── Records for the task ──

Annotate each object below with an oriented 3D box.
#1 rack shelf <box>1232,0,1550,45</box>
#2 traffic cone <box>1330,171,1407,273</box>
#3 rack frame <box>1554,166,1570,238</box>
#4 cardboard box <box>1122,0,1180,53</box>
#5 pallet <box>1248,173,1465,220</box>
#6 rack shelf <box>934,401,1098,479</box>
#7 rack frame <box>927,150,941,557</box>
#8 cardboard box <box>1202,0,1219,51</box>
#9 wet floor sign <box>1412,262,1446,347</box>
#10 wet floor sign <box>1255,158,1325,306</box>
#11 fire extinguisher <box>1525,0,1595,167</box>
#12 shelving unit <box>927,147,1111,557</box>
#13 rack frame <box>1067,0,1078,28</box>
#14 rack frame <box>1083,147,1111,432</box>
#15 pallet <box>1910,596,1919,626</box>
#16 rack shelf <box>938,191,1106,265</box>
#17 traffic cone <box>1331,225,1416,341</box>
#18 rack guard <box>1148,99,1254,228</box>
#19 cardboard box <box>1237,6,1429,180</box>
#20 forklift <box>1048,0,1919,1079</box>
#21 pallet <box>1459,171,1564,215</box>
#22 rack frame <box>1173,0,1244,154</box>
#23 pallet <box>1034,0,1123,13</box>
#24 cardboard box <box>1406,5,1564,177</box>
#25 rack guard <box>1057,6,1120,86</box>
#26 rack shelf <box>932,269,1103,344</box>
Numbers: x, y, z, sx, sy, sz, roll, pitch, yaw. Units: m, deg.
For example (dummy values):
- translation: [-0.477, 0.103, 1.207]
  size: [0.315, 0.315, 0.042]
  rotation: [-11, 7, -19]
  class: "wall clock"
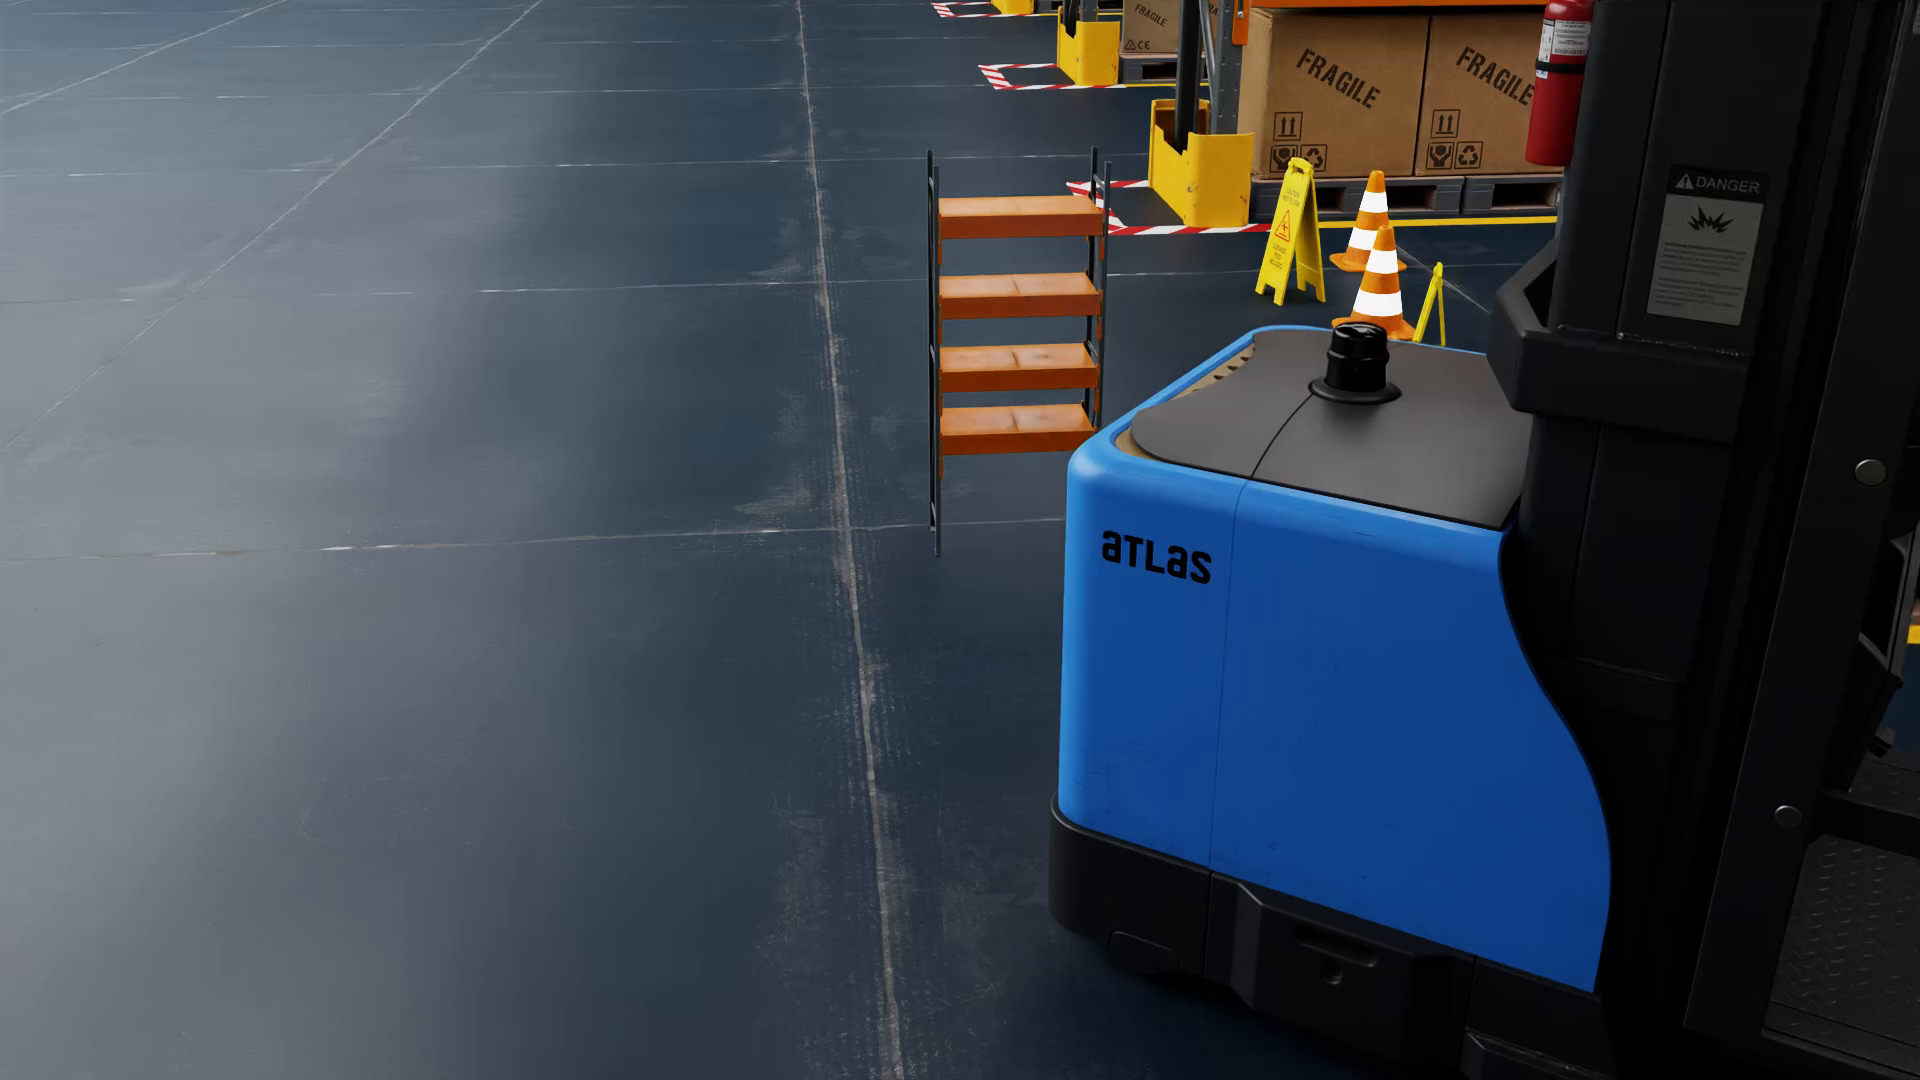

───

Nothing but the lines from the line holding "#18 rack guard <box>1148,99,1254,228</box>" through the last line of the entries above is to be reproduced, exactly and without pictures.

§ Worked solution:
#18 rack guard <box>1148,99,1254,228</box>
#19 cardboard box <box>1237,6,1429,180</box>
#20 forklift <box>1048,0,1919,1079</box>
#21 pallet <box>1459,171,1564,215</box>
#22 rack frame <box>1173,0,1244,154</box>
#23 pallet <box>1034,0,1123,13</box>
#24 cardboard box <box>1406,5,1564,177</box>
#25 rack guard <box>1057,6,1120,86</box>
#26 rack shelf <box>932,269,1103,344</box>
Numbers: x, y, z, sx, sy, sz, roll, pitch, yaw. Units: m, deg.
For example (dummy values):
- translation: [-0.477, 0.103, 1.207]
  size: [0.315, 0.315, 0.042]
  rotation: [-11, 7, -19]
  class: "wall clock"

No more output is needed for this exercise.